■ Required work
Repeat the listing exactly. Do not carry over any pictures.

■ Information

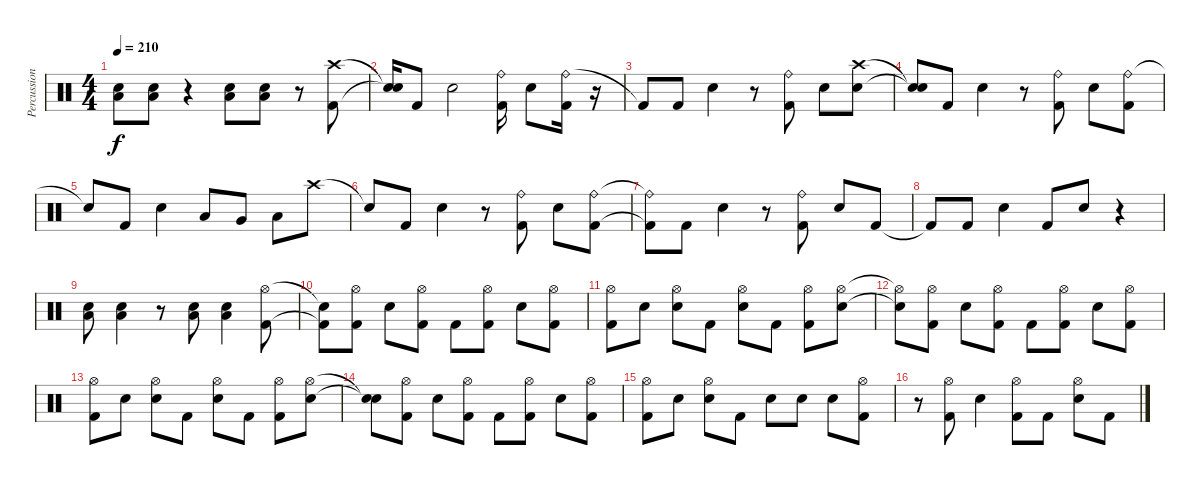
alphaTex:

\track ("Percussion" "Percussion") {instrument percussion}
\staff {score}
\articulation defaults
\ts (4 4)
\tempo 210
\clef neutral
\ks c
("Low Floor Tom (hit)" "Electric Snare (hit)").8{dy f} ("Low Floor Tom (hit)" "Electric Snare (hit)").8 r.4 ("Low Floor Tom (hit)" "Electric Snare (hit)").8 ("Low Floor Tom (hit)" "Electric Snare (hit)").8 r.8 ("Crash high (hit)" "Kick (hit) 2").8 |
("Snare (hit)"{t} "Snare (hit)"{t}).16 "Kick (hit) 2".8 "Electric Snare (hit)".2 ("Ride (bell)" "Kick (hit) 2").16 "Electric Snare (hit)".8 ("Ride (bell)" "Kick (hit) 2").16 r.16 |
"Kick (hit) 2"{t}.8 "Kick (hit) 2".8 "Electric Snare (hit)".4 r.8 ("Ride (bell)" "Kick (hit) 2").8 "Electric Snare (hit)".8 ("Crash high (hit)" "Electric Snare (hit)").8 |
("Snare (hit)"{t} "Electric Snare (hit)"{t}).8 "Kick (hit) 2".8 "Electric Snare (hit)".4 r.8 ("Ride (bell)" "Kick (hit) 2").8 "Electric Snare (hit)".8 ("Ride (bell)" "Kick (hit) 2").8 |
"Snare (hit)"{t}.8 "Kick (hit) 2".8 "Electric Snare (hit)".4 "Low Tom (hit)".8 "Very Low Tom (hit)".8 "Low Floor Tom (hit)".8 "Crash high (hit)".8 |
"Snare (hit)"{t}.8 "Kick (hit) 2".8 "Electric Snare (hit)".4 r.8 ("Ride (bell)" "Kick (hit) 2").8 "Electric Snare (hit)".8 ("Ride (bell)" "Kick (hit) 2").8 |
("Ride (bell)"{t} "Kick (hit) 2"{t}).8 "Kick (hit) 2".8 "Electric Snare (hit)".4 r.8 ("Ride (bell)" "Kick (hit) 2").8 "Electric Snare (hit)".8 "Kick (hit) 2".8 |
"Kick (hit) 2"{t}.8 "Kick (hit) 2".8 "Electric Snare (hit)".4 "Kick (hit) 2".8 "Electric Snare (hit)".8 r.4 |
("Low Floor Tom (hit)" "Electric Snare (hit)").8 ("Low Floor Tom (hit)" "Electric Snare (hit)").4 r.8 ("Low Floor Tom (hit)" "Electric Snare (hit)").8 ("Low Floor Tom (hit)" "Electric Snare (hit)").4 ("Hi-Hat (open)" "Kick (hit) 2").8 |
("Snare (hit)"{t} "Kick (hit) 2"{t}).8 ("Hi-Hat (open)" "Kick (hit) 2").8 "Electric Snare (hit)".8 ("Hi-Hat (open)" "Kick (hit) 2").8 "Kick (hit) 2".8 ("Hi-Hat (open)" "Kick (hit) 2").8 "Electric Snare (hit)".8 ("Hi-Hat (open)" "Kick (hit) 2").8 |
("Hi-Hat (open)" "Kick (hit) 2").8 "Electric Snare (hit)".8 ("Hi-Hat (open)" "Electric Snare (hit)").8 "Kick (hit) 2".8 ("Hi-Hat (open)" "Electric Snare (hit)").8 "Kick (hit) 2".8 ("Hi-Hat (open)" "Kick (hit) 2").8 ("Hi-Hat (open)" "Electric Snare (hit)").8 |
("Hi-Hat (open)"{t} "Electric Snare (hit)"{t}).8 ("Hi-Hat (open)" "Kick (hit) 2").8 "Electric Snare (hit)".8 ("Hi-Hat (open)" "Kick (hit) 2").8 "Kick (hit) 2".8 ("Hi-Hat (open)" "Kick (hit) 2").8 "Electric Snare (hit)".8 ("Hi-Hat (open)" "Kick (hit) 2").8 |
("Hi-Hat (open)" "Kick (hit) 2").8 "Electric Snare (hit)".8 ("Hi-Hat (open)" "Electric Snare (hit)").8 "Kick (hit) 2".8 ("Hi-Hat (open)" "Electric Snare (hit)").8 "Kick (hit) 2".8 ("Hi-Hat (open)" "Kick (hit) 2").8 ("Hi-Hat (open)" "Electric Snare (hit)").8 |
("Snare (hit)"{t} "Snare (hit)"{t}).8 ("Hi-Hat (open)" "Kick (hit) 2").8 "Electric Snare (hit)".8 ("Hi-Hat (open)" "Kick (hit) 2").8 "Kick (hit) 2".8 ("Hi-Hat (open)" "Kick (hit) 2").8 "Electric Snare (hit)".8 ("Hi-Hat (open)" "Kick (hit) 2").8 |
("Hi-Hat (open)" "Kick (hit) 2").8 "Electric Snare (hit)".8 ("Hi-Hat (open)" "Electric Snare (hit)").8 "Kick (hit) 2".8 "Electric Snare (hit)".8 "Electric Snare (hit)".8 "Electric Snare (hit)".8 ("Hi-Hat (open)" "Kick (hit) 2").8 |
r.8 ("Hi-Hat (open)" "Kick (hit) 2").8 "Electric Snare (hit)".4 ("Hi-Hat (open)" "Kick (hit) 2").8 "Kick (hit) 2".8 ("Hi-Hat (open)" "Electric Snare (hit)").8 "Kick (hit) 2".8

■ Answer space
alphaTex:

\track ("Percussion" "Percussion") {instrument percussion}
\staff {score}
\articulation defaults
\ts (4 4)
\tempo 210
\clef neutral
\ks c
("Low Floor Tom (hit)" "Electric Snare (hit)").8{dy f} ("Low Floor Tom (hit)" "Electric Snare (hit)").8 r.4 ("Low Floor Tom (hit)" "Electric Snare (hit)").8 ("Low Floor Tom (hit)" "Electric Snare (hit)").8 r.8 ("Crash high (hit)" "Kick (hit) 2").8 |
("Snare (hit)"{t} "Snare (hit)"{t}).16 "Kick (hit) 2".8 "Electric Snare (hit)".2 ("Ride (bell)" "Kick (hit) 2").16 "Electric Snare (hit)".8 ("Ride (bell)" "Kick (hit) 2").16 r.16 |
"Kick (hit) 2"{t}.8 "Kick (hit) 2".8 "Electric Snare (hit)".4 r.8 ("Ride (bell)" "Kick (hit) 2").8 "Electric Snare (hit)".8 ("Crash high (hit)" "Electric Snare (hit)").8 |
("Snare (hit)"{t} "Electric Snare (hit)"{t}).8 "Kick (hit) 2".8 "Electric Snare (hit)".4 r.8 ("Ride (bell)" "Kick (hit) 2").8 "Electric Snare (hit)".8 ("Ride (bell)" "Kick (hit) 2").8 |
"Snare (hit)"{t}.8 "Kick (hit) 2".8 "Electric Snare (hit)".4 "Low Tom (hit)".8 "Very Low Tom (hit)".8 "Low Floor Tom (hit)".8 "Crash high (hit)".8 |
"Snare (hit)"{t}.8 "Kick (hit) 2".8 "Electric Snare (hit)".4 r.8 ("Ride (bell)" "Kick (hit) 2").8 "Electric Snare (hit)".8 ("Ride (bell)" "Kick (hit) 2").8 |
("Ride (bell)"{t} "Kick (hit) 2"{t}).8 "Kick (hit) 2".8 "Electric Snare (hit)".4 r.8 ("Ride (bell)" "Kick (hit) 2").8 "Electric Snare (hit)".8 "Kick (hit) 2".8 |
"Kick (hit) 2"{t}.8 "Kick (hit) 2".8 "Electric Snare (hit)".4 "Kick (hit) 2".8 "Electric Snare (hit)".8 r.4 |
("Low Floor Tom (hit)" "Electric Snare (hit)").8 ("Low Floor Tom (hit)" "Electric Snare (hit)").4 r.8 ("Low Floor Tom (hit)" "Electric Snare (hit)").8 ("Low Floor Tom (hit)" "Electric Snare (hit)").4 ("Hi-Hat (open)" "Kick (hit) 2").8 |
("Snare (hit)"{t} "Kick (hit) 2"{t}).8 ("Hi-Hat (open)" "Kick (hit) 2").8 "Electric Snare (hit)".8 ("Hi-Hat (open)" "Kick (hit) 2").8 "Kick (hit) 2".8 ("Hi-Hat (open)" "Kick (hit) 2").8 "Electric Snare (hit)".8 ("Hi-Hat (open)" "Kick (hit) 2").8 |
("Hi-Hat (open)" "Kick (hit) 2").8 "Electric Snare (hit)".8 ("Hi-Hat (open)" "Electric Snare (hit)").8 "Kick (hit) 2".8 ("Hi-Hat (open)" "Electric Snare (hit)").8 "Kick (hit) 2".8 ("Hi-Hat (open)" "Kick (hit) 2").8 ("Hi-Hat (open)" "Electric Snare (hit)").8 |
("Hi-Hat (open)"{t} "Electric Snare (hit)"{t}).8 ("Hi-Hat (open)" "Kick (hit) 2").8 "Electric Snare (hit)".8 ("Hi-Hat (open)" "Kick (hit) 2").8 "Kick (hit) 2".8 ("Hi-Hat (open)" "Kick (hit) 2").8 "Electric Snare (hit)".8 ("Hi-Hat (open)" "Kick (hit) 2").8 |
("Hi-Hat (open)" "Kick (hit) 2").8 "Electric Snare (hit)".8 ("Hi-Hat (open)" "Electric Snare (hit)").8 "Kick (hit) 2".8 ("Hi-Hat (open)" "Electric Snare (hit)").8 "Kick (hit) 2".8 ("Hi-Hat (open)" "Kick (hit) 2").8 ("Hi-Hat (open)" "Electric Snare (hit)").8 |
("Snare (hit)"{t} "Snare (hit)"{t}).8 ("Hi-Hat (open)" "Kick (hit) 2").8 "Electric Snare (hit)".8 ("Hi-Hat (open)" "Kick (hit) 2").8 "Kick (hit) 2".8 ("Hi-Hat (open)" "Kick (hit) 2").8 "Electric Snare (hit)".8 ("Hi-Hat (open)" "Kick (hit) 2").8 |
("Hi-Hat (open)" "Kick (hit) 2").8 "Electric Snare (hit)".8 ("Hi-Hat (open)" "Electric Snare (hit)").8 "Kick (hit) 2".8 "Electric Snare (hit)".8 "Electric Snare (hit)".8 "Electric Snare (hit)".8 ("Hi-Hat (open)" "Kick (hit) 2").8 |
r.8 ("Hi-Hat (open)" "Kick (hit) 2").8 "Electric Snare (hit)".4 ("Hi-Hat (open)" "Kick (hit) 2").8 "Kick (hit) 2".8 ("Hi-Hat (open)" "Electric Snare (hit)").8 "Kick (hit) 2".8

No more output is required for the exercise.